- Oton Vinski with his dog
- Born: 20 March 1877 Osijek, Austro-Hungarian Empire, (now Croatia)
- Died: 1942 (aged 65) Jasenovac concentration camp
- Cause of death: Murdered in Holocaust
- Occupation: Banker
- Spouse: Štefanija Vinski (née Alexander)
- Children: Zdenko Vinski Ivo Vinski
- Parent(s): Franjo and Berta Weiss

= Oton Vinski =

Oton Vinski (born Otto Weiss; 20 March 1877 – 1942) was an influential Croatian banker who was killed during the Holocaust.

Vinski was born in Osijek on 20 March 1877, as Otto Weiss, to a Jewish family of Franjo and Berta Weiss.

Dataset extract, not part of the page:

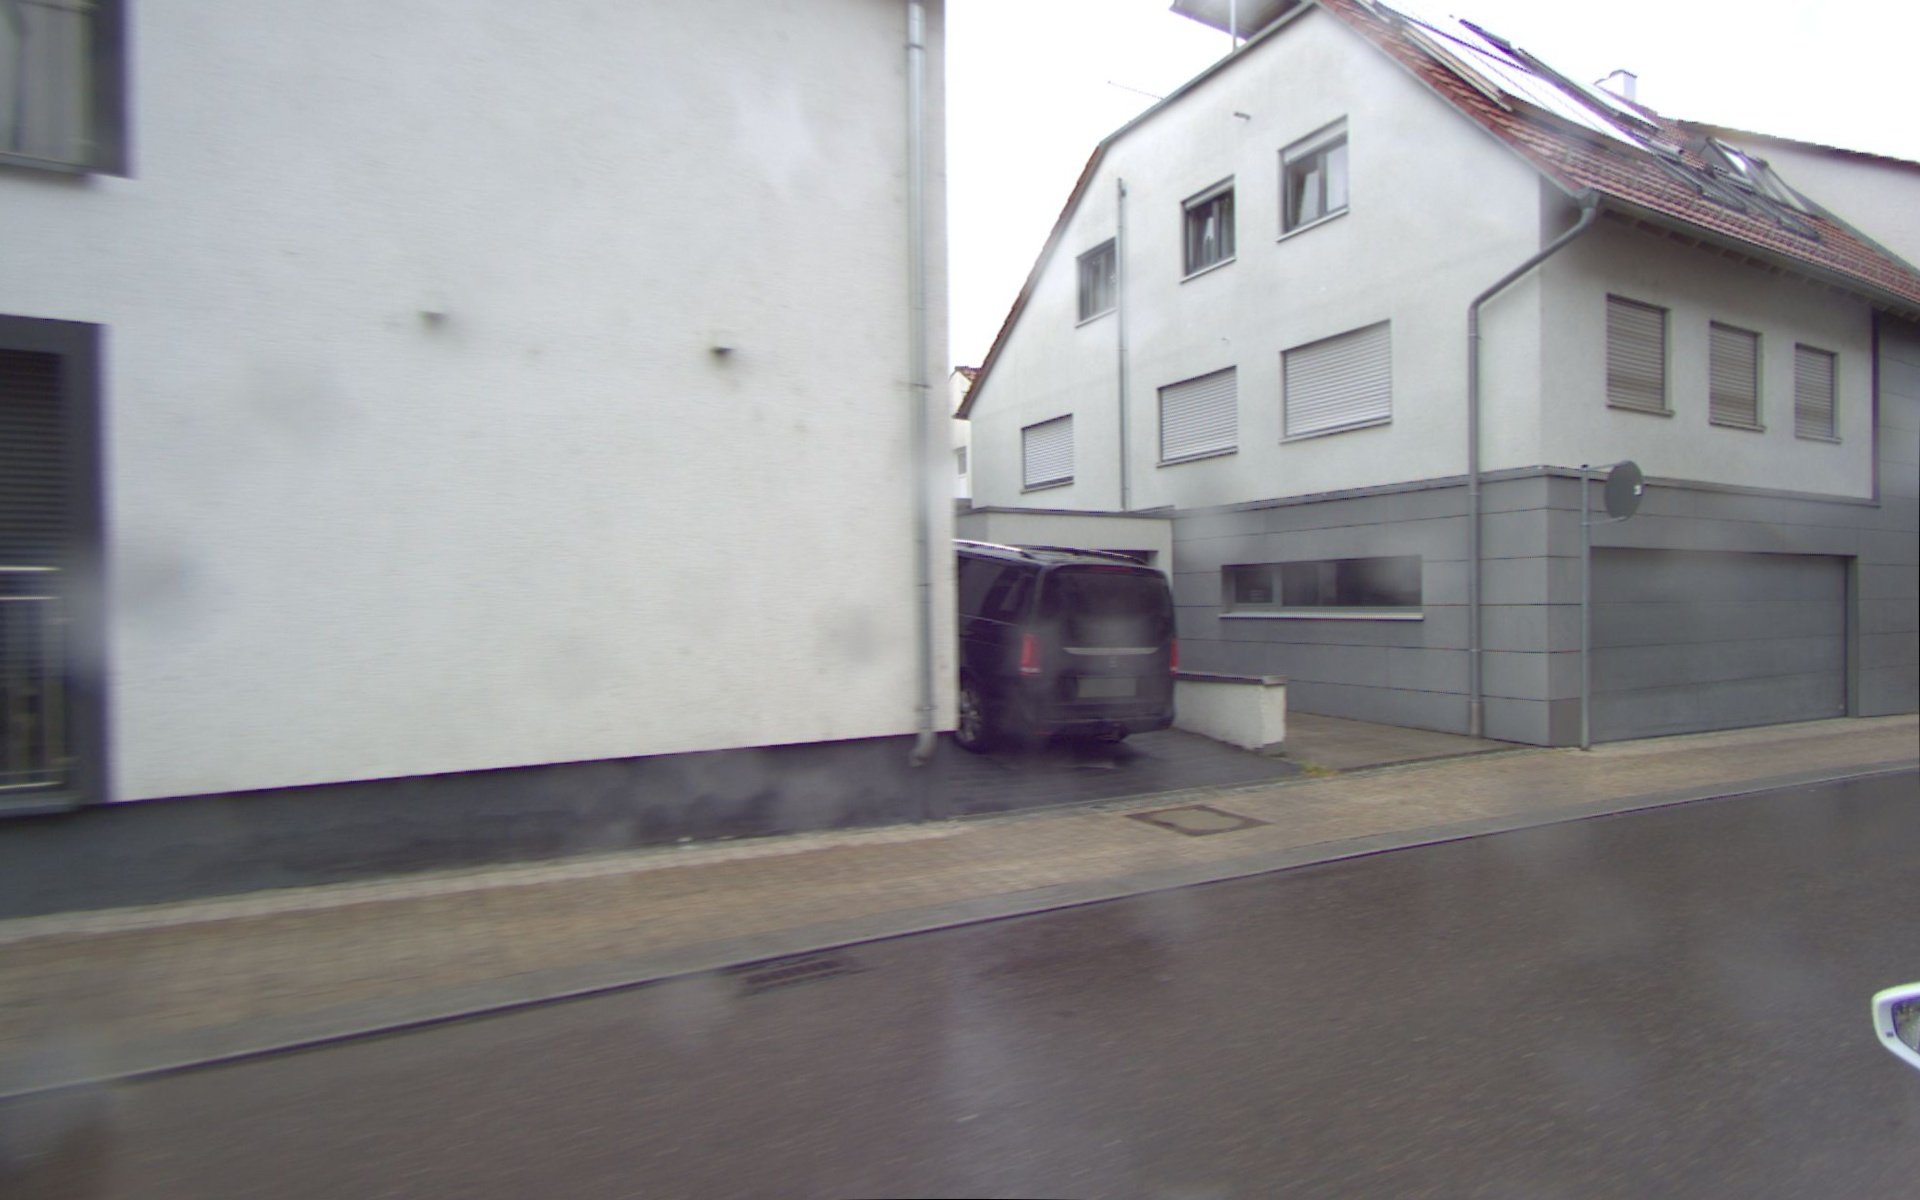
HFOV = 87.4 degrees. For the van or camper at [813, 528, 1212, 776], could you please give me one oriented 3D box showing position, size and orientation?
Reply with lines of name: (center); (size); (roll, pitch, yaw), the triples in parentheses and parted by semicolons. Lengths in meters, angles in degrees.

Vinski was married to Štefanija (née Alexander) Vinski, of the notable Zagreb Jewish family, Alexander. Together they had two sons: Zdenko and Ivo. In 1918, Vinski changed his name and surname. He was employed as a procurator and chief executive of the Croatian Discount Bank in Zagreb. During World War II, Vinski was arrested and deported to Jasenovac concentration camp together with his mother in law Ilka Alexander, where they were both killed in 1942. When his wife returned home, nobody was left. By mere chance Vinski's wife and sons had survived the Holocaust. His wife died in Zagreb in 1959.